YOUR ASSIGNMENT:
Repeat the records below word for word and omit each image.
─── TASK DATA
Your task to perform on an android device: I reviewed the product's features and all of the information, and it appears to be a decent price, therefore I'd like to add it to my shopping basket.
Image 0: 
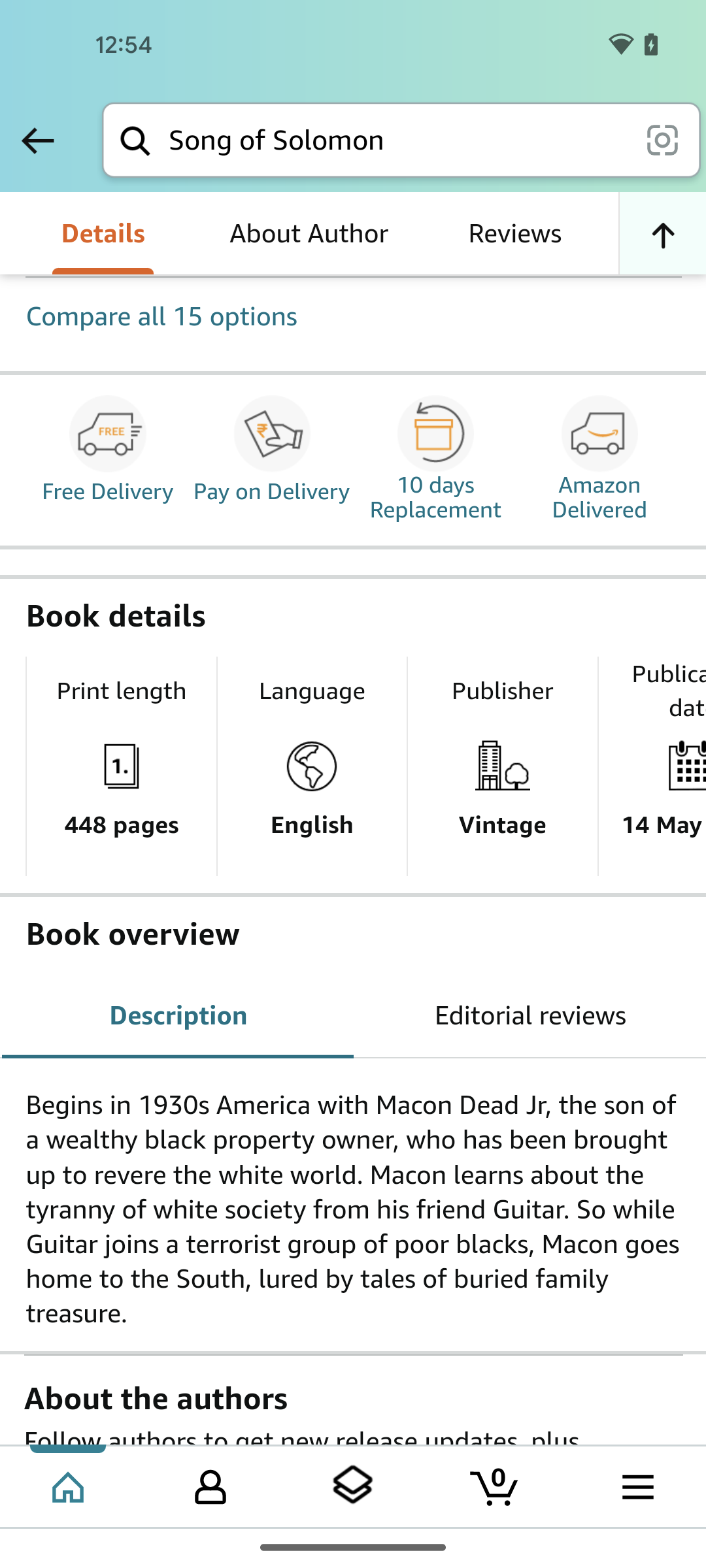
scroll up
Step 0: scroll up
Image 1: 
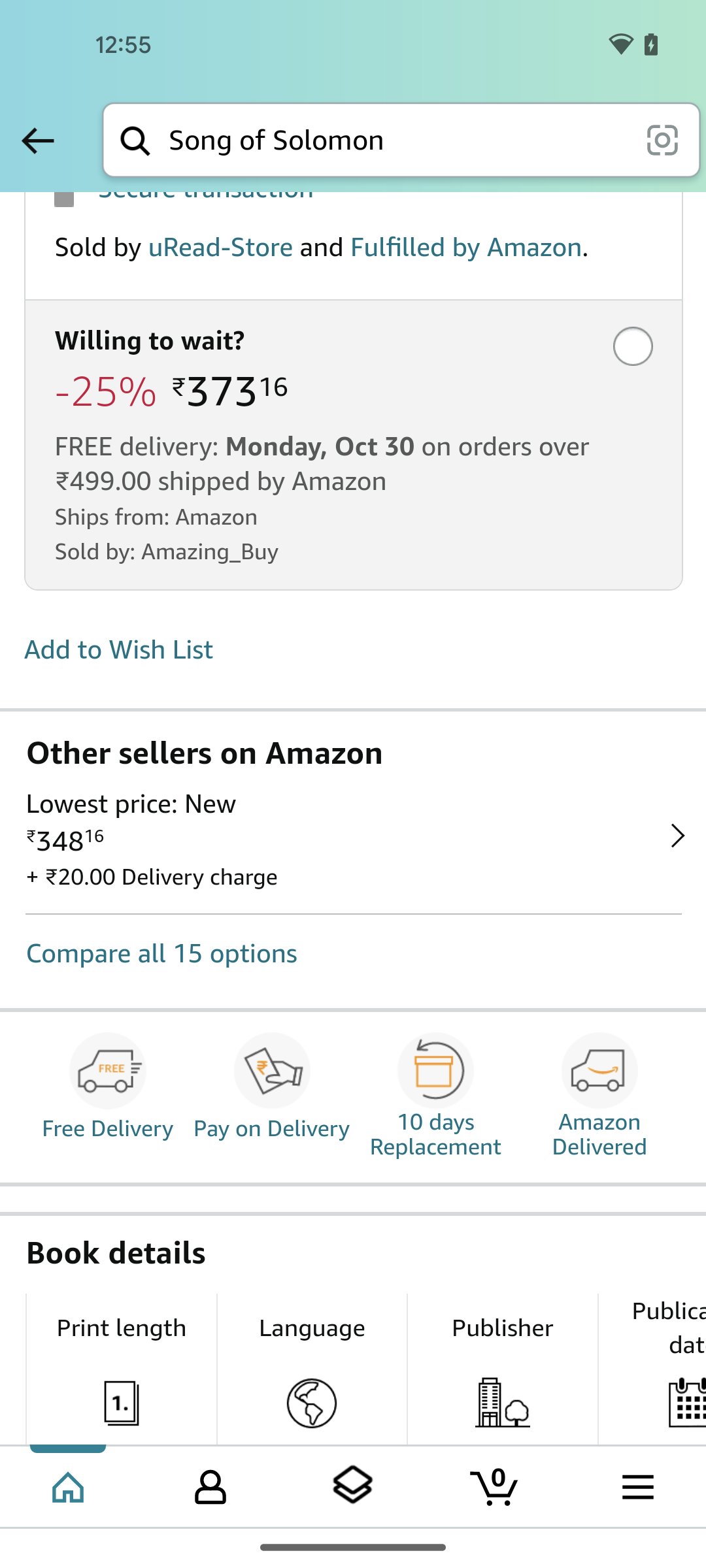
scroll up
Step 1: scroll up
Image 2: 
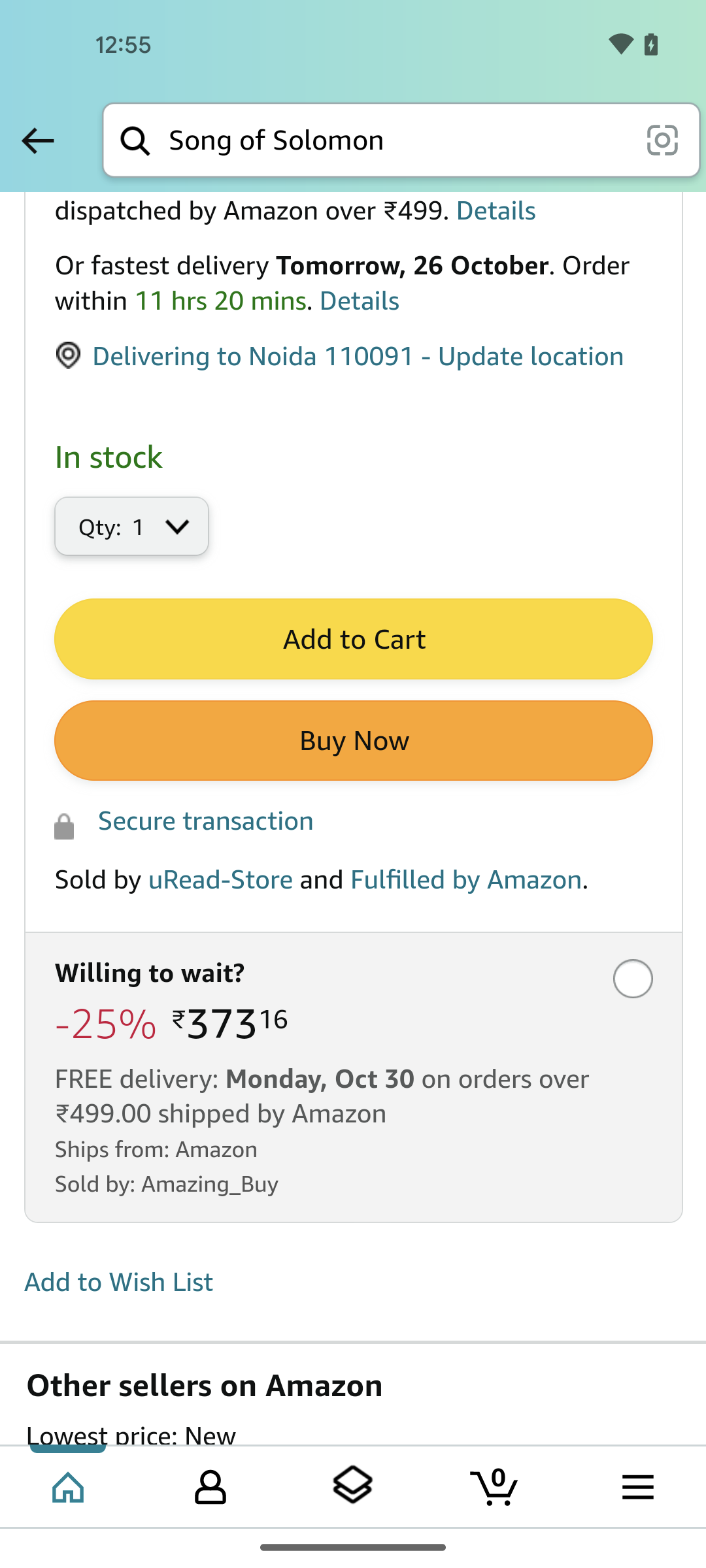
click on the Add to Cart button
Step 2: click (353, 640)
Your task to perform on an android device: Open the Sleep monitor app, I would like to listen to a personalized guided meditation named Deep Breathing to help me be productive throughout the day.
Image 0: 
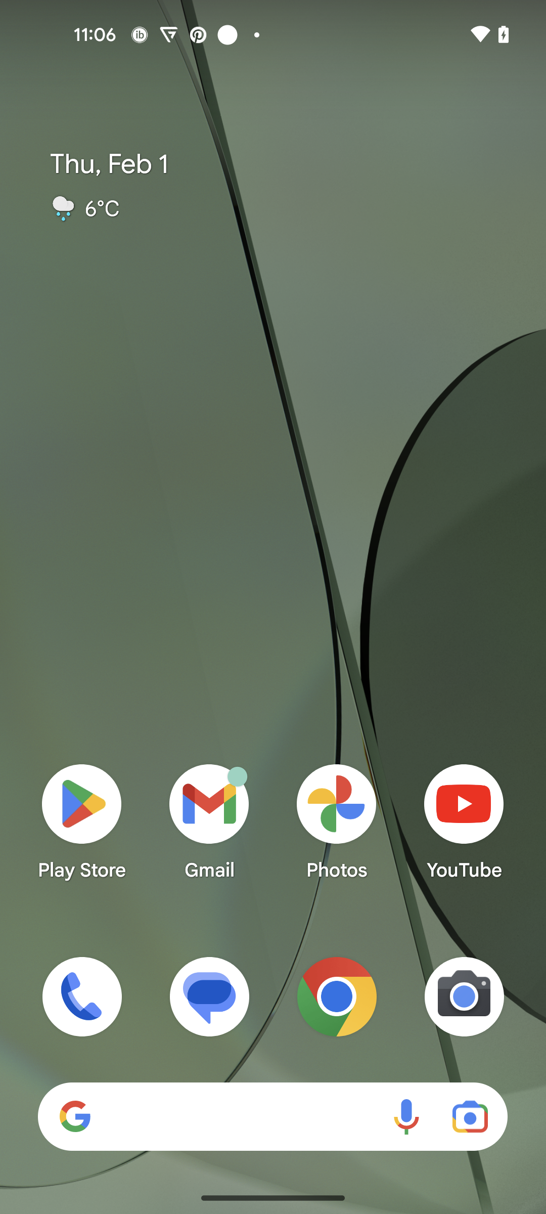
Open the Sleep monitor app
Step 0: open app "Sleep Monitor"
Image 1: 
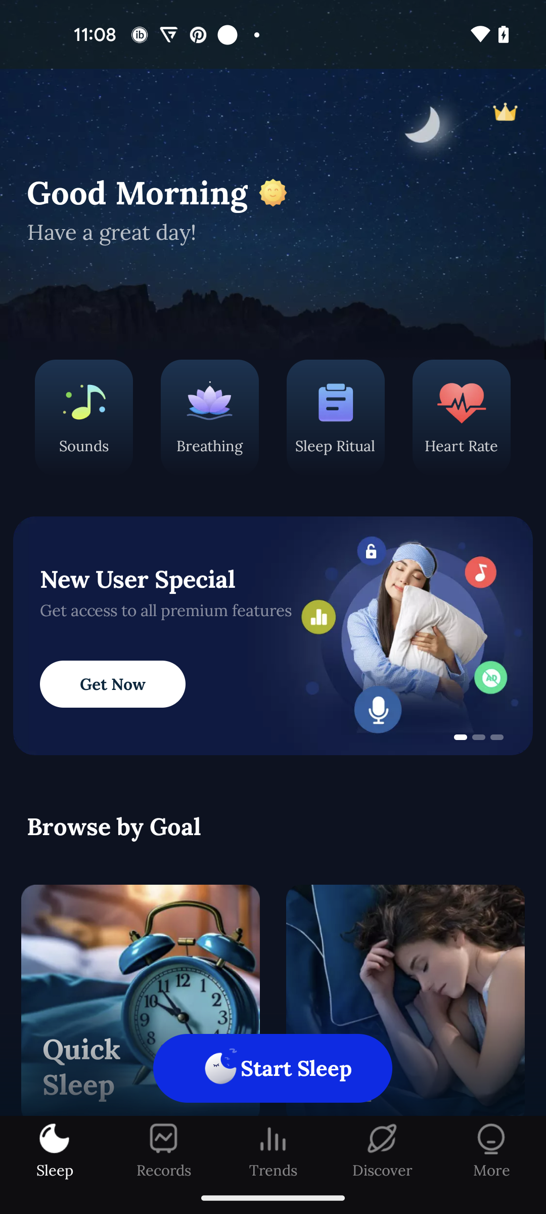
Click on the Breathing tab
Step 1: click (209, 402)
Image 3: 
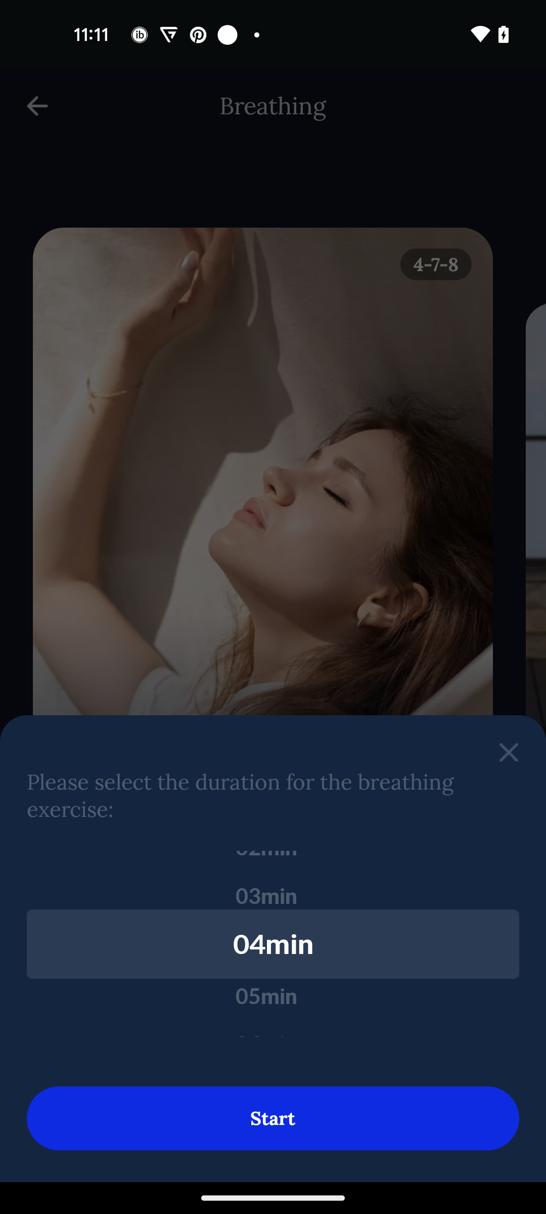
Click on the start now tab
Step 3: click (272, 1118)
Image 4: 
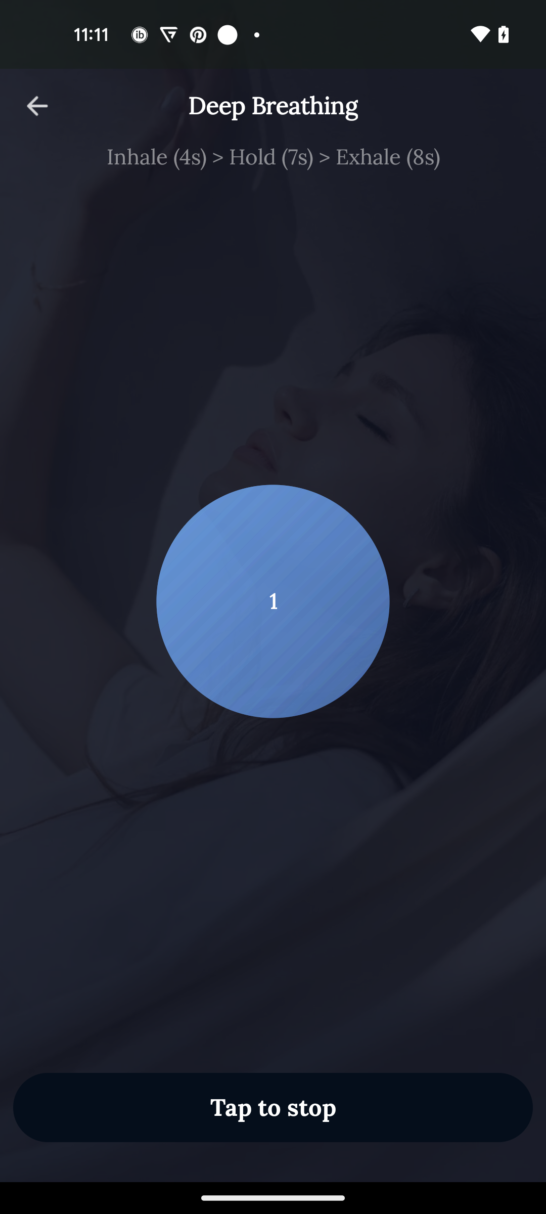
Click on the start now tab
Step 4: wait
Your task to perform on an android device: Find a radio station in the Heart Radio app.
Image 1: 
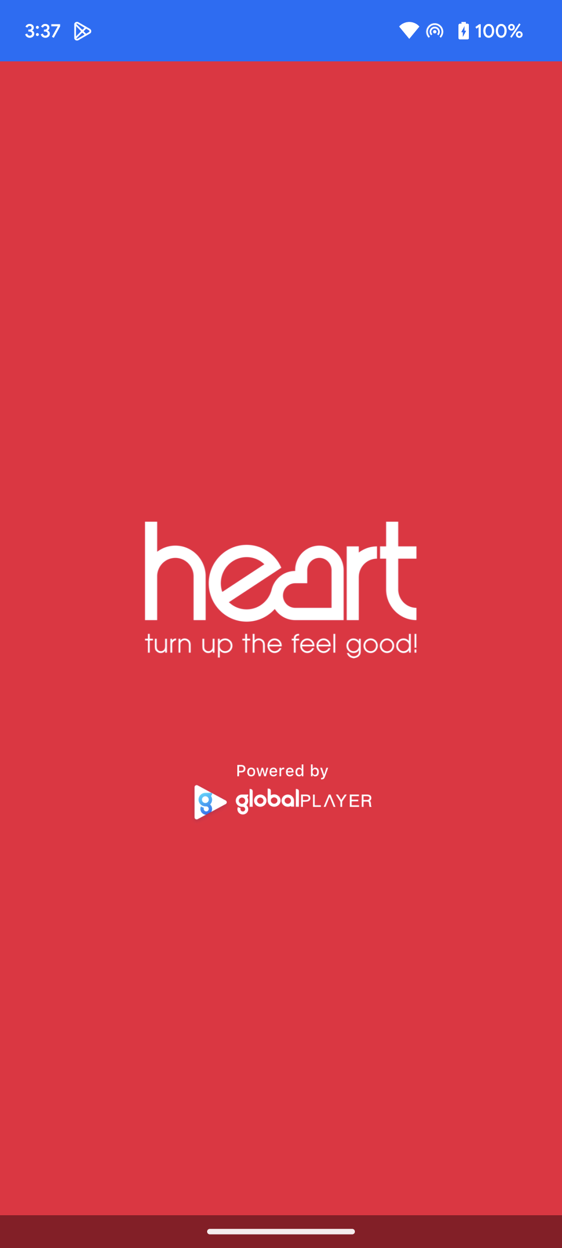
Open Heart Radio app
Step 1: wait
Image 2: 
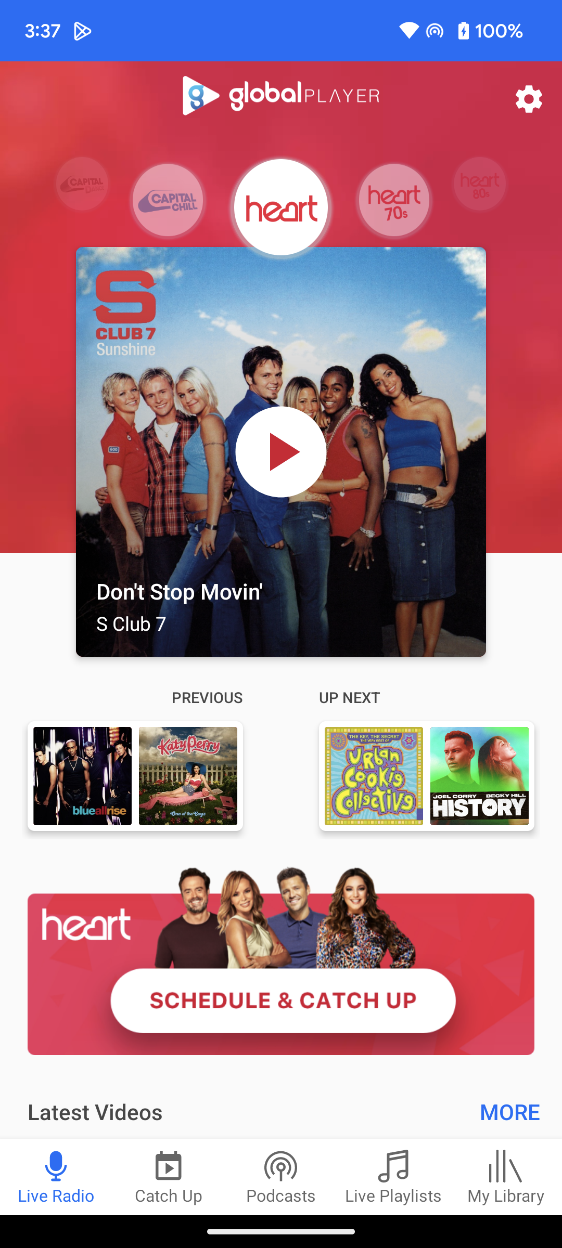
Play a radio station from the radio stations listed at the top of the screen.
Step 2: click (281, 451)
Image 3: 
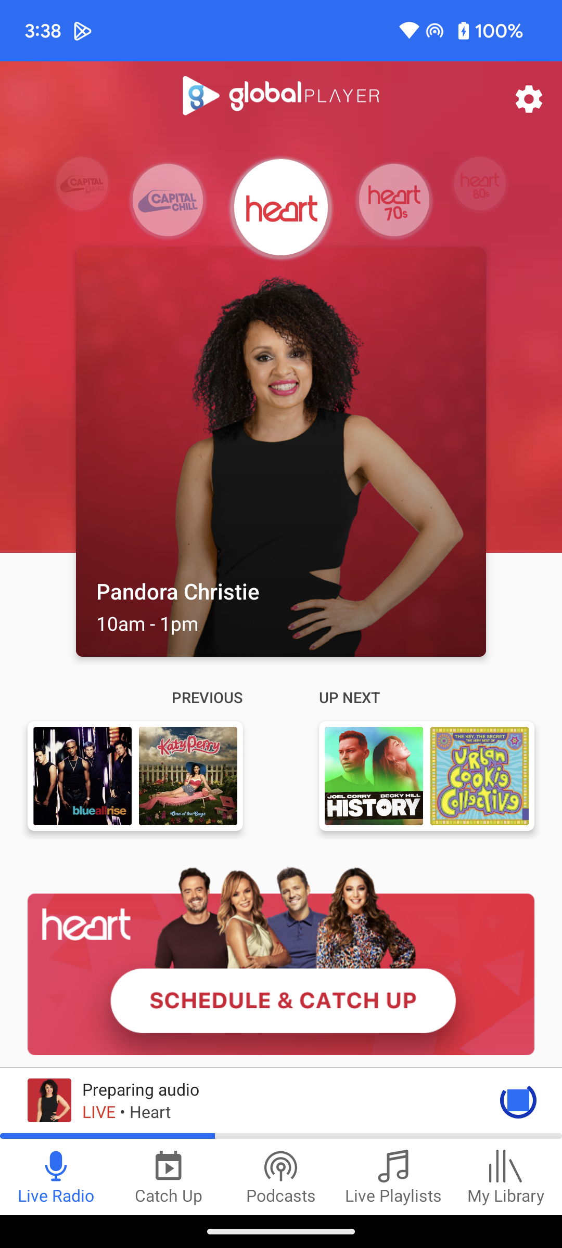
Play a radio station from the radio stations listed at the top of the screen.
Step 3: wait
──────
EXERCISE RESPONSE:
Your task to perform on an android device: I reviewed the product's features and all of the information, and it appears to be a decent price, therefore I'd like to add it to my shopping basket.
Image 0: 
scroll up
Step 0: scroll up
Image 1: 
scroll up
Step 1: scroll up
Image 2: 
click on the Add to Cart button
Step 2: click (353, 640)
Your task to perform on an android device: Open the Sleep monitor app, I would like to listen to a personalized guided meditation named Deep Breathing to help me be productive throughout the day.
Image 0: 
Open the Sleep monitor app
Step 0: open app "Sleep Monitor"
Image 1: 
Click on the Breathing tab
Step 1: click (209, 402)
Image 3: 
Click on the start now tab
Step 3: click (272, 1118)
Image 4: 
Click on the start now tab
Step 4: wait
Your task to perform on an android device: Find a radio station in the Heart Radio app.
Image 1: 
Open Heart Radio app
Step 1: wait
Image 2: 
Play a radio station from the radio stations listed at the top of the screen.
Step 2: click (281, 451)
Image 3: 
Play a radio station from the radio stations listed at the top of the screen.
Step 3: wait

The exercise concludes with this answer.